Tuesday 28 June 2005

(Afternoon)

The Committee consisted of the following Members:

Chairmen: †David Taylor, Derek Conway

†Bailey, Mr. Adrian (West Bromwich, West) (Lab/Co-op)

†Banks, Gordon (Ochil and South Perthshire) (Lab)

†Battle, John (Leeds, West) (Lab)

†Brokenshire, James (Hornchurch) (Con)

†David, Mr. Wayne (Caerphilly) (Lab)

†Dhanda, Mr. Parmjit (Gloucester) (Lab)

†Fabricant, Michael (Lichfield) (Con)

†Foster, Michael Jabez (Hastings and Rye) (Lab)

†Hendry, Charles (Wealden) (Con)

Lamb, Norman (North Norfolk) (LD)

†Penning, Mike (Hemel Hempstead) (Con)

†Reid, Mr. Alan (Argyll and Bute) (LD)

†Snelgrove, Anne (South Swindon) (Lab)

†Stewart, Ian (Eccles) (Lab)

†Sutcliffe, Mr. Gerry (Parliamentary Under-Secretary of State for Trade and Industry)

†Vaizey, Mr. Edward (Wantage) (Con)

†Wright, Mr. Iain (Hartlepool) (Lab)

Geoffrey Farrar, Emily Commander, Committee Clerks

† attended the Committee

[David Taylor in the Chair]

Consumer Credit Bill

4.30 pm

Clause 52

Power of OFT to impose civil penalties

Mr. Alan Reid (Argyll and Bute) (LD): I beg to move amendment No. 36, in clause 52, page 44, line 8, leave out from first 'is' to 'it' in line 10 and insert—'either—

    (a) satisfied that a person (the ''defaulter'') has failed or is failing to comply with a requirement imposed on him by virtue of section 33A, 33B or 36A, or

    (b) dissatisfied with the conduct of the licensee,'.

I am concerned that there is a loophole in the Bill.
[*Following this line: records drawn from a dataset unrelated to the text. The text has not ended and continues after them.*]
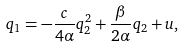<formula> <loc_0><loc_0><loc_500><loc_500>q _ { 1 } = - \frac { c } { 4 \alpha } q _ { 2 } ^ { 2 } + \frac { \beta } { 2 \alpha } q _ { 2 } + u ,</formula> 
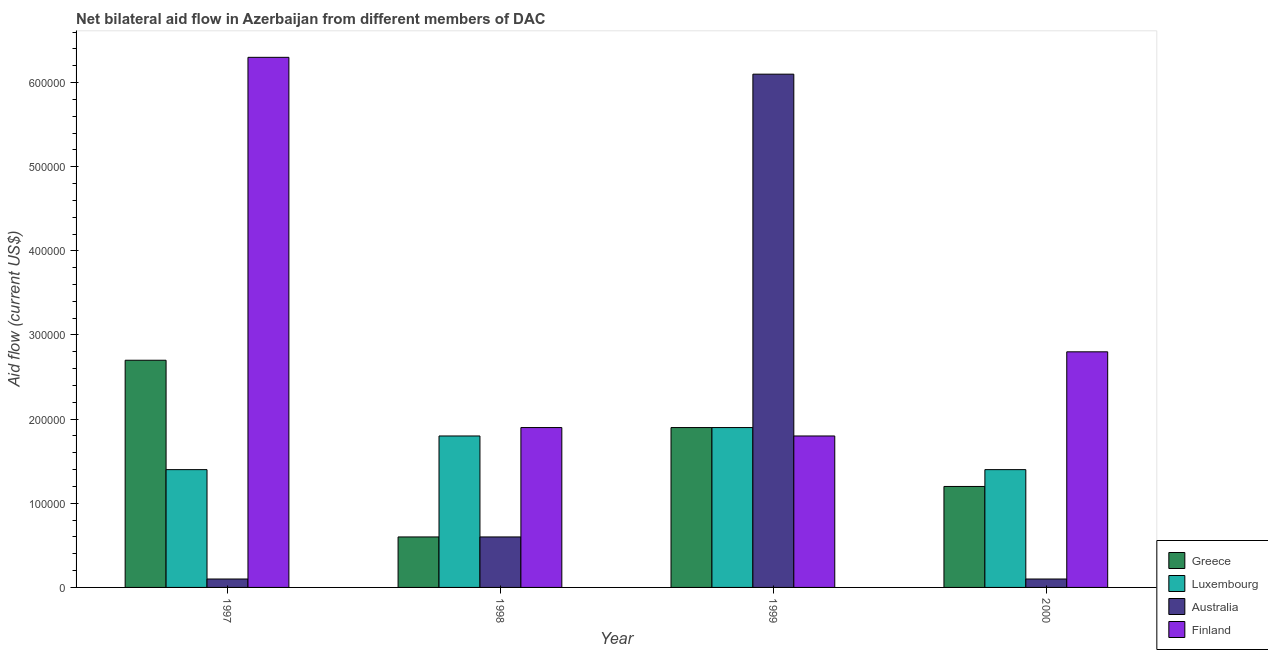How many different coloured bars are there?
Your answer should be very brief. 4. Are the number of bars per tick equal to the number of legend labels?
Offer a terse response. Yes. Are the number of bars on each tick of the X-axis equal?
Provide a succinct answer. Yes. What is the label of the 3rd group of bars from the left?
Give a very brief answer. 1999. In how many cases, is the number of bars for a given year not equal to the number of legend labels?
Ensure brevity in your answer.  0. What is the amount of aid given by finland in 2000?
Offer a terse response. 2.80e+05. Across all years, what is the maximum amount of aid given by luxembourg?
Keep it short and to the point. 1.90e+05. Across all years, what is the minimum amount of aid given by greece?
Provide a short and direct response. 6.00e+04. In which year was the amount of aid given by australia minimum?
Make the answer very short. 1997. What is the total amount of aid given by finland in the graph?
Give a very brief answer. 1.28e+06. What is the difference between the amount of aid given by finland in 1997 and that in 1998?
Your answer should be very brief. 4.40e+05. What is the difference between the amount of aid given by finland in 1998 and the amount of aid given by greece in 1999?
Ensure brevity in your answer.  10000. What is the average amount of aid given by finland per year?
Your response must be concise. 3.20e+05. In how many years, is the amount of aid given by australia greater than 140000 US$?
Your answer should be compact. 1. What is the ratio of the amount of aid given by luxembourg in 1999 to that in 2000?
Make the answer very short. 1.36. Is the amount of aid given by greece in 1998 less than that in 2000?
Make the answer very short. Yes. What is the difference between the highest and the lowest amount of aid given by finland?
Make the answer very short. 4.50e+05. In how many years, is the amount of aid given by australia greater than the average amount of aid given by australia taken over all years?
Give a very brief answer. 1. Is it the case that in every year, the sum of the amount of aid given by luxembourg and amount of aid given by finland is greater than the sum of amount of aid given by greece and amount of aid given by australia?
Keep it short and to the point. Yes. What does the 1st bar from the left in 1997 represents?
Offer a very short reply. Greece. What does the 3rd bar from the right in 2000 represents?
Provide a short and direct response. Luxembourg. Is it the case that in every year, the sum of the amount of aid given by greece and amount of aid given by luxembourg is greater than the amount of aid given by australia?
Your answer should be very brief. No. How many bars are there?
Offer a terse response. 16. What is the difference between two consecutive major ticks on the Y-axis?
Provide a short and direct response. 1.00e+05. Does the graph contain grids?
Give a very brief answer. No. What is the title of the graph?
Your response must be concise. Net bilateral aid flow in Azerbaijan from different members of DAC. What is the label or title of the Y-axis?
Offer a very short reply. Aid flow (current US$). What is the Aid flow (current US$) in Greece in 1997?
Your answer should be very brief. 2.70e+05. What is the Aid flow (current US$) in Finland in 1997?
Give a very brief answer. 6.30e+05. What is the Aid flow (current US$) of Luxembourg in 1999?
Make the answer very short. 1.90e+05. What is the Aid flow (current US$) in Greece in 2000?
Offer a very short reply. 1.20e+05. What is the Aid flow (current US$) in Luxembourg in 2000?
Give a very brief answer. 1.40e+05. What is the Aid flow (current US$) of Australia in 2000?
Ensure brevity in your answer.  10000. What is the Aid flow (current US$) of Finland in 2000?
Your answer should be compact. 2.80e+05. Across all years, what is the maximum Aid flow (current US$) of Greece?
Provide a succinct answer. 2.70e+05. Across all years, what is the maximum Aid flow (current US$) of Finland?
Offer a very short reply. 6.30e+05. Across all years, what is the minimum Aid flow (current US$) of Luxembourg?
Provide a succinct answer. 1.40e+05. Across all years, what is the minimum Aid flow (current US$) of Australia?
Your answer should be compact. 10000. Across all years, what is the minimum Aid flow (current US$) of Finland?
Keep it short and to the point. 1.80e+05. What is the total Aid flow (current US$) of Greece in the graph?
Provide a short and direct response. 6.40e+05. What is the total Aid flow (current US$) of Luxembourg in the graph?
Offer a terse response. 6.50e+05. What is the total Aid flow (current US$) in Australia in the graph?
Make the answer very short. 6.90e+05. What is the total Aid flow (current US$) in Finland in the graph?
Offer a terse response. 1.28e+06. What is the difference between the Aid flow (current US$) of Luxembourg in 1997 and that in 1998?
Give a very brief answer. -4.00e+04. What is the difference between the Aid flow (current US$) of Finland in 1997 and that in 1998?
Offer a very short reply. 4.40e+05. What is the difference between the Aid flow (current US$) in Greece in 1997 and that in 1999?
Provide a short and direct response. 8.00e+04. What is the difference between the Aid flow (current US$) of Australia in 1997 and that in 1999?
Your answer should be very brief. -6.00e+05. What is the difference between the Aid flow (current US$) in Greece in 1997 and that in 2000?
Offer a very short reply. 1.50e+05. What is the difference between the Aid flow (current US$) in Greece in 1998 and that in 1999?
Give a very brief answer. -1.30e+05. What is the difference between the Aid flow (current US$) of Australia in 1998 and that in 1999?
Your answer should be very brief. -5.50e+05. What is the difference between the Aid flow (current US$) of Australia in 1999 and that in 2000?
Give a very brief answer. 6.00e+05. What is the difference between the Aid flow (current US$) of Finland in 1999 and that in 2000?
Your response must be concise. -1.00e+05. What is the difference between the Aid flow (current US$) in Greece in 1997 and the Aid flow (current US$) in Luxembourg in 1998?
Keep it short and to the point. 9.00e+04. What is the difference between the Aid flow (current US$) in Greece in 1997 and the Aid flow (current US$) in Australia in 1998?
Provide a short and direct response. 2.10e+05. What is the difference between the Aid flow (current US$) in Luxembourg in 1997 and the Aid flow (current US$) in Australia in 1998?
Your response must be concise. 8.00e+04. What is the difference between the Aid flow (current US$) in Luxembourg in 1997 and the Aid flow (current US$) in Finland in 1998?
Keep it short and to the point. -5.00e+04. What is the difference between the Aid flow (current US$) of Greece in 1997 and the Aid flow (current US$) of Australia in 1999?
Make the answer very short. -3.40e+05. What is the difference between the Aid flow (current US$) in Greece in 1997 and the Aid flow (current US$) in Finland in 1999?
Offer a terse response. 9.00e+04. What is the difference between the Aid flow (current US$) in Luxembourg in 1997 and the Aid flow (current US$) in Australia in 1999?
Offer a very short reply. -4.70e+05. What is the difference between the Aid flow (current US$) in Luxembourg in 1997 and the Aid flow (current US$) in Finland in 1999?
Ensure brevity in your answer.  -4.00e+04. What is the difference between the Aid flow (current US$) in Australia in 1997 and the Aid flow (current US$) in Finland in 1999?
Keep it short and to the point. -1.70e+05. What is the difference between the Aid flow (current US$) in Greece in 1997 and the Aid flow (current US$) in Luxembourg in 2000?
Provide a short and direct response. 1.30e+05. What is the difference between the Aid flow (current US$) of Greece in 1997 and the Aid flow (current US$) of Finland in 2000?
Your response must be concise. -10000. What is the difference between the Aid flow (current US$) in Luxembourg in 1997 and the Aid flow (current US$) in Australia in 2000?
Provide a short and direct response. 1.30e+05. What is the difference between the Aid flow (current US$) of Luxembourg in 1997 and the Aid flow (current US$) of Finland in 2000?
Keep it short and to the point. -1.40e+05. What is the difference between the Aid flow (current US$) in Greece in 1998 and the Aid flow (current US$) in Luxembourg in 1999?
Offer a terse response. -1.30e+05. What is the difference between the Aid flow (current US$) in Greece in 1998 and the Aid flow (current US$) in Australia in 1999?
Make the answer very short. -5.50e+05. What is the difference between the Aid flow (current US$) of Luxembourg in 1998 and the Aid flow (current US$) of Australia in 1999?
Ensure brevity in your answer.  -4.30e+05. What is the difference between the Aid flow (current US$) of Australia in 1998 and the Aid flow (current US$) of Finland in 1999?
Give a very brief answer. -1.20e+05. What is the difference between the Aid flow (current US$) in Greece in 1998 and the Aid flow (current US$) in Australia in 2000?
Give a very brief answer. 5.00e+04. What is the difference between the Aid flow (current US$) of Greece in 1998 and the Aid flow (current US$) of Finland in 2000?
Keep it short and to the point. -2.20e+05. What is the difference between the Aid flow (current US$) of Luxembourg in 1998 and the Aid flow (current US$) of Finland in 2000?
Ensure brevity in your answer.  -1.00e+05. What is the difference between the Aid flow (current US$) in Luxembourg in 1999 and the Aid flow (current US$) in Australia in 2000?
Provide a short and direct response. 1.80e+05. What is the average Aid flow (current US$) in Greece per year?
Provide a succinct answer. 1.60e+05. What is the average Aid flow (current US$) of Luxembourg per year?
Provide a short and direct response. 1.62e+05. What is the average Aid flow (current US$) in Australia per year?
Offer a very short reply. 1.72e+05. In the year 1997, what is the difference between the Aid flow (current US$) in Greece and Aid flow (current US$) in Finland?
Offer a very short reply. -3.60e+05. In the year 1997, what is the difference between the Aid flow (current US$) of Luxembourg and Aid flow (current US$) of Finland?
Offer a terse response. -4.90e+05. In the year 1997, what is the difference between the Aid flow (current US$) of Australia and Aid flow (current US$) of Finland?
Ensure brevity in your answer.  -6.20e+05. In the year 1998, what is the difference between the Aid flow (current US$) in Greece and Aid flow (current US$) in Luxembourg?
Keep it short and to the point. -1.20e+05. In the year 1998, what is the difference between the Aid flow (current US$) in Greece and Aid flow (current US$) in Finland?
Offer a very short reply. -1.30e+05. In the year 1999, what is the difference between the Aid flow (current US$) of Greece and Aid flow (current US$) of Luxembourg?
Ensure brevity in your answer.  0. In the year 1999, what is the difference between the Aid flow (current US$) of Greece and Aid flow (current US$) of Australia?
Your answer should be very brief. -4.20e+05. In the year 1999, what is the difference between the Aid flow (current US$) of Greece and Aid flow (current US$) of Finland?
Give a very brief answer. 10000. In the year 1999, what is the difference between the Aid flow (current US$) in Luxembourg and Aid flow (current US$) in Australia?
Keep it short and to the point. -4.20e+05. In the year 1999, what is the difference between the Aid flow (current US$) in Luxembourg and Aid flow (current US$) in Finland?
Offer a terse response. 10000. In the year 1999, what is the difference between the Aid flow (current US$) in Australia and Aid flow (current US$) in Finland?
Keep it short and to the point. 4.30e+05. In the year 2000, what is the difference between the Aid flow (current US$) in Greece and Aid flow (current US$) in Luxembourg?
Offer a terse response. -2.00e+04. In the year 2000, what is the difference between the Aid flow (current US$) of Greece and Aid flow (current US$) of Finland?
Provide a short and direct response. -1.60e+05. In the year 2000, what is the difference between the Aid flow (current US$) in Luxembourg and Aid flow (current US$) in Australia?
Keep it short and to the point. 1.30e+05. In the year 2000, what is the difference between the Aid flow (current US$) in Luxembourg and Aid flow (current US$) in Finland?
Your answer should be compact. -1.40e+05. In the year 2000, what is the difference between the Aid flow (current US$) in Australia and Aid flow (current US$) in Finland?
Ensure brevity in your answer.  -2.70e+05. What is the ratio of the Aid flow (current US$) in Greece in 1997 to that in 1998?
Your response must be concise. 4.5. What is the ratio of the Aid flow (current US$) in Luxembourg in 1997 to that in 1998?
Ensure brevity in your answer.  0.78. What is the ratio of the Aid flow (current US$) in Australia in 1997 to that in 1998?
Your answer should be very brief. 0.17. What is the ratio of the Aid flow (current US$) of Finland in 1997 to that in 1998?
Keep it short and to the point. 3.32. What is the ratio of the Aid flow (current US$) of Greece in 1997 to that in 1999?
Provide a succinct answer. 1.42. What is the ratio of the Aid flow (current US$) in Luxembourg in 1997 to that in 1999?
Provide a succinct answer. 0.74. What is the ratio of the Aid flow (current US$) in Australia in 1997 to that in 1999?
Give a very brief answer. 0.02. What is the ratio of the Aid flow (current US$) in Greece in 1997 to that in 2000?
Your answer should be compact. 2.25. What is the ratio of the Aid flow (current US$) of Luxembourg in 1997 to that in 2000?
Your answer should be compact. 1. What is the ratio of the Aid flow (current US$) of Australia in 1997 to that in 2000?
Offer a very short reply. 1. What is the ratio of the Aid flow (current US$) in Finland in 1997 to that in 2000?
Your answer should be very brief. 2.25. What is the ratio of the Aid flow (current US$) in Greece in 1998 to that in 1999?
Give a very brief answer. 0.32. What is the ratio of the Aid flow (current US$) of Luxembourg in 1998 to that in 1999?
Provide a succinct answer. 0.95. What is the ratio of the Aid flow (current US$) in Australia in 1998 to that in 1999?
Provide a succinct answer. 0.1. What is the ratio of the Aid flow (current US$) of Finland in 1998 to that in 1999?
Your answer should be compact. 1.06. What is the ratio of the Aid flow (current US$) in Greece in 1998 to that in 2000?
Your answer should be very brief. 0.5. What is the ratio of the Aid flow (current US$) of Luxembourg in 1998 to that in 2000?
Your answer should be very brief. 1.29. What is the ratio of the Aid flow (current US$) of Australia in 1998 to that in 2000?
Ensure brevity in your answer.  6. What is the ratio of the Aid flow (current US$) of Finland in 1998 to that in 2000?
Your answer should be very brief. 0.68. What is the ratio of the Aid flow (current US$) in Greece in 1999 to that in 2000?
Your answer should be very brief. 1.58. What is the ratio of the Aid flow (current US$) in Luxembourg in 1999 to that in 2000?
Your answer should be compact. 1.36. What is the ratio of the Aid flow (current US$) in Australia in 1999 to that in 2000?
Offer a terse response. 61. What is the ratio of the Aid flow (current US$) in Finland in 1999 to that in 2000?
Your answer should be very brief. 0.64. What is the difference between the highest and the second highest Aid flow (current US$) in Luxembourg?
Your response must be concise. 10000. What is the difference between the highest and the lowest Aid flow (current US$) in Luxembourg?
Provide a short and direct response. 5.00e+04. 
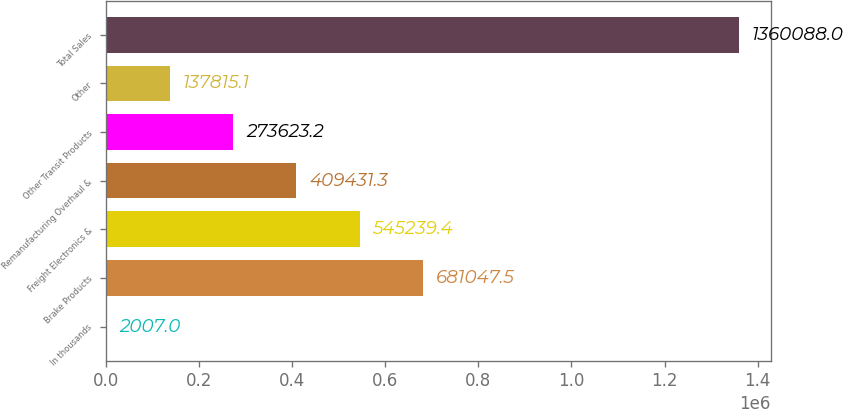Convert chart. <chart><loc_0><loc_0><loc_500><loc_500><bar_chart><fcel>In thousands<fcel>Brake Products<fcel>Freight Electronics &<fcel>Remanufacturing Overhaul &<fcel>Other Transit Products<fcel>Other<fcel>Total Sales<nl><fcel>2007<fcel>681048<fcel>545239<fcel>409431<fcel>273623<fcel>137815<fcel>1.36009e+06<nl></chart>

Amendment No. 36 was designed as a probing amendment to establish the Government's intentions. Under the Consumer Credit Act 1974, the Office of Fair Trading has the power to suspend or revoke a licence, but it was recognised that such a sanction might be too severe for certain offences, so the Bill is introducing a new sanction of requirements.

The clauses that we debated this morning include provisions that gave the OFT new powers to impose requirements on licensees in cases in which it is dissatisfied with the conduct of a licensee or any of his associates. The procedure for requirements is that the OFT must first identify the fact that the licensee is carrying out bad practice before it can take any action. An example of bad practice could be late-night doorstep pressure-selling. Having identified the fact that a licensee is carrying out a bad practice, the OFT will write to the licensee imposing a requirement that that bad practice be stopped. However, only if the licensee continues in that bad practice—the bad practice specified in the requirement—can the OFT impose a civil penalty. In other words, this is a two-stage process that involves handing out a yellow card first, and only if the written warning is ignored and the bad practice continues can a penalty be imposed.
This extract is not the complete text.